Inexplicably, Kuwabara stepped out of his slice through the dimensions into a grove of trees. He moved slowly, hesitantly, as the sight of it was so far out of his expectations that he wasn't quite sure if they represented safety or danger.

"These were definitely not here last time," he thought out loud. All roughly the same size, the trees looked healthy; all blooming with friendly white blossoms that shed petals as he brushed past. The air that so typically smelled like electricity and death instead carried a faintly dusty aura of summer and left him expecting to hear the chatter of birds and the idle buzzing of insects.

"June?" he called out, following the tingle of energy against his senses. He circled the trunks of a few trees just in case she'd fallen or rested there. Deep roots extended down into the vast open space below his feet - showing that even though he walked on what felt like solid ground, he was quite far from home.

The trees followed no predictable pattern, but their placement didn't feel entirely natural either. Identical tree after identical tree rustled even without wind to move their branches. Kuwabara moved slowly through them, his senses began screaming that he was in danger even as step after step revealed only more trees.

Through the interlocking branches and drifting petals, a harsh yellow light began to shine through. He knew that color. The sound of the hum, breaching the calming rush of leaves on leaves, had been ingrained in his memory years before.

Kuwabara stepped out of the odd grove of trees, and with one sweep from left to right he instantly spotted the irregular knot of blue energy in the yellow weaving of the barrier.

"June!" he cried, darting towards her.

Suspended a foot or so above the ground but locked into the barrier, half-corporeal and half-blue, she looked like the time she'd healed Maggie, but there wasn't any sign on her face that she was aware of what was happening. Silent, eyes-closed and breathing even. Her blue weaving looked tied into the golden yellow of the barrier, like a patch that didn't match the fabric.

The shuttle sat weightlessly in the air, spinning gently like a discarded pen in outer space and tugging against its cording when it drifted a little too far from June and came to the end of its tether.
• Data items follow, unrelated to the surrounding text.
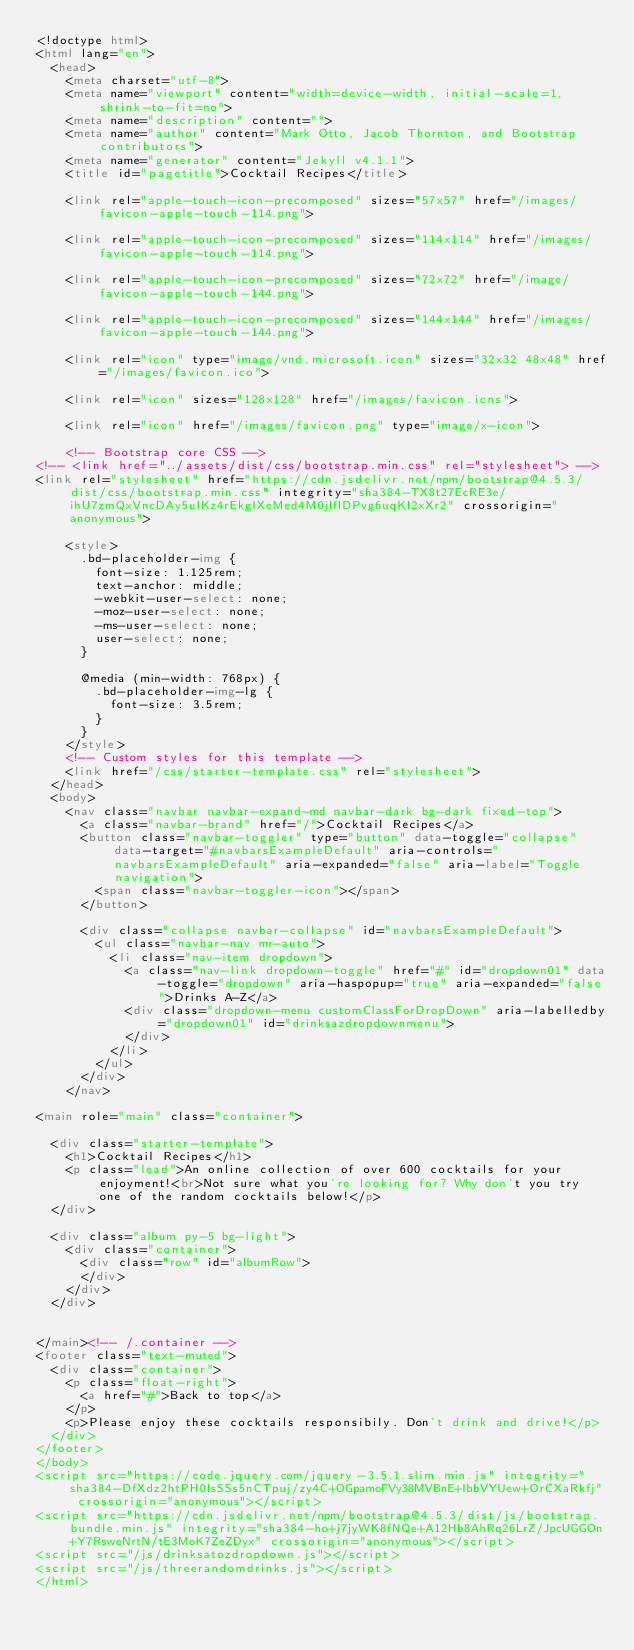<code> <loc_0><loc_0><loc_500><loc_500><_HTML_><!doctype html>
<html lang="en">
  <head>
    <meta charset="utf-8">
    <meta name="viewport" content="width=device-width, initial-scale=1, shrink-to-fit=no">
    <meta name="description" content="">
    <meta name="author" content="Mark Otto, Jacob Thornton, and Bootstrap contributors">
    <meta name="generator" content="Jekyll v4.1.1">
    <title id="pagetitle">Cocktail Recipes</title>
    
    <link rel="apple-touch-icon-precomposed" sizes="57x57" href="/images/favicon-apple-touch-114.png">

    <link rel="apple-touch-icon-precomposed" sizes="114x114" href="/images/favicon-apple-touch-114.png">

    <link rel="apple-touch-icon-precomposed" sizes="72x72" href="/image/favicon-apple-touch-144.png">

    <link rel="apple-touch-icon-precomposed" sizes="144x144" href="/images/favicon-apple-touch-144.png">

    <link rel="icon" type="image/vnd.microsoft.icon" sizes="32x32 48x48" href="/images/favicon.ico">

    <link rel="icon" sizes="128x128" href="/images/favicon.icns">

    <link rel="icon" href="/images/favicon.png" type="image/x-icon">

    <!-- Bootstrap core CSS -->
<!-- <link href="../assets/dist/css/bootstrap.min.css" rel="stylesheet"> -->
<link rel="stylesheet" href="https://cdn.jsdelivr.net/npm/bootstrap@4.5.3/dist/css/bootstrap.min.css" integrity="sha384-TX8t27EcRE3e/ihU7zmQxVncDAy5uIKz4rEkgIXeMed4M0jlfIDPvg6uqKI2xXr2" crossorigin="anonymous">

    <style>
      .bd-placeholder-img {
        font-size: 1.125rem;
        text-anchor: middle;
        -webkit-user-select: none;
        -moz-user-select: none;
        -ms-user-select: none;
        user-select: none;
      }

      @media (min-width: 768px) {
        .bd-placeholder-img-lg {
          font-size: 3.5rem;
        }
      }
    </style>
    <!-- Custom styles for this template -->
    <link href="/css/starter-template.css" rel="stylesheet">
  </head>
  <body>
    <nav class="navbar navbar-expand-md navbar-dark bg-dark fixed-top">
      <a class="navbar-brand" href="/">Cocktail Recipes</a>
      <button class="navbar-toggler" type="button" data-toggle="collapse" data-target="#navbarsExampleDefault" aria-controls="navbarsExampleDefault" aria-expanded="false" aria-label="Toggle navigation">
        <span class="navbar-toggler-icon"></span>
      </button>

      <div class="collapse navbar-collapse" id="navbarsExampleDefault">
        <ul class="navbar-nav mr-auto">
          <li class="nav-item dropdown">
            <a class="nav-link dropdown-toggle" href="#" id="dropdown01" data-toggle="dropdown" aria-haspopup="true" aria-expanded="false">Drinks A-Z</a>
            <div class="dropdown-menu customClassForDropDown" aria-labelledby="dropdown01" id="drinksazdropdownmenu">
            </div>
          </li>
        </ul>
      </div>
    </nav>

<main role="main" class="container">

  <div class="starter-template">
    <h1>Cocktail Recipes</h1>
    <p class="lead">An online collection of over 600 cocktails for your enjoyment!<br>Not sure what you're looking for? Why don't you try one of the random cocktails below!</p>
  </div>

  <div class="album py-5 bg-light">
    <div class="container">
      <div class="row" id="albumRow">
      </div>
    </div>
  </div>
  

</main><!-- /.container -->
<footer class="text-muted">
  <div class="container">
    <p class="float-right">
      <a href="#">Back to top</a>
    </p>
    <p>Please enjoy these cocktails responsibily. Don't drink and drive!</p>
  </div>
</footer>
</body>
<script src="https://code.jquery.com/jquery-3.5.1.slim.min.js" integrity="sha384-DfXdz2htPH0lsSSs5nCTpuj/zy4C+OGpamoFVy38MVBnE+IbbVYUew+OrCXaRkfj" crossorigin="anonymous"></script>
<script src="https://cdn.jsdelivr.net/npm/bootstrap@4.5.3/dist/js/bootstrap.bundle.min.js" integrity="sha384-ho+j7jyWK8fNQe+A12Hb8AhRq26LrZ/JpcUGGOn+Y7RsweNrtN/tE3MoK7ZeZDyx" crossorigin="anonymous"></script>
<script src="/js/drinksatozdropdown.js"></script>
<script src="/js/threerandomdrinks.js"></script>
</html></code>

It glowed a soft gold; enticing, daring, mocking.

Kuwabara started to reach for her. To pat at her face, or to touch her arm, but he jumped in surprise as a voice interrupted. "That would be unwise."

Kuwabara whirled, sword blazing, ready for a fight. The tip of his blade stopped just inches from the neck of a new face, though it sat… a little lower than he'd expected.

Deep-set brown-green eyes flickered with the light of his sword, and long brown hair that desperately needed a wash had been caked on one side with blood. Knotted portions of wood from a tree kept him bound in a seated position at its base, but he clutched at his left arm, staunching heavy bleeding from a stump at his elbow that had once been an arm. At least, the black sludge oozing from the stump could be said to strongly resemble blood.

"We meet at last," the Spider greeted coolly.

Kuwabara menaced the Spider with his sword, starting to close the small air gap that separated the Spider from decapitation. "Did you put her in there?!"

The Spider looked slowly at the sword, then tilted his head to the side to look up at Kuwabara's face. "I paid my price." He leaned his head back to rest it against the tree's rough bark and closed tired eyes. "The weaver took her revenge, but I still intend to witness the end."

Kuwabara's eyes narrowed suspiciously. "June did this to you?"

"No need to feign surprise; weavers are dangerous creatures." Making a sound somewhere between a snicker and a sneer, a part of the Spider's face disagreed with the motion required and seemed to lag a little behind, stretching lazily. "Though not usually in lethal fashion."

Kuwabara withdrew his sword. As much fear as he'd caused, the Spider seemed almost… harmless. "Don't move an inch," he warned, "or I'll cut your head off, you hear me?"

"You are heard," the Spider confirmed with an annoying smirk, like something he'd said was funny.

Kuwabara let his sword vanish to free up both hands as he went to check on June again. As far as he could tell without touching her, she seemed to be breathing. Her eyes flickered from side to side under her eyelids; like dreaming.

He stepped closer and his shoe crunched against something on the ground. He glanced down, checking under his shoe, and found a little scattering of blood-red crystalline dust smudged there.

Far, far in the distance, like hearing a thunderstorm roll in from the sea, a musical chime cut through the eternal stillness and drew his attention up again; two notes of a simple chord. The barrier rippled, eager waves preceding the storm.

"What's going to happen?" Kuwabara asked, knowing the Spider would be listening intently.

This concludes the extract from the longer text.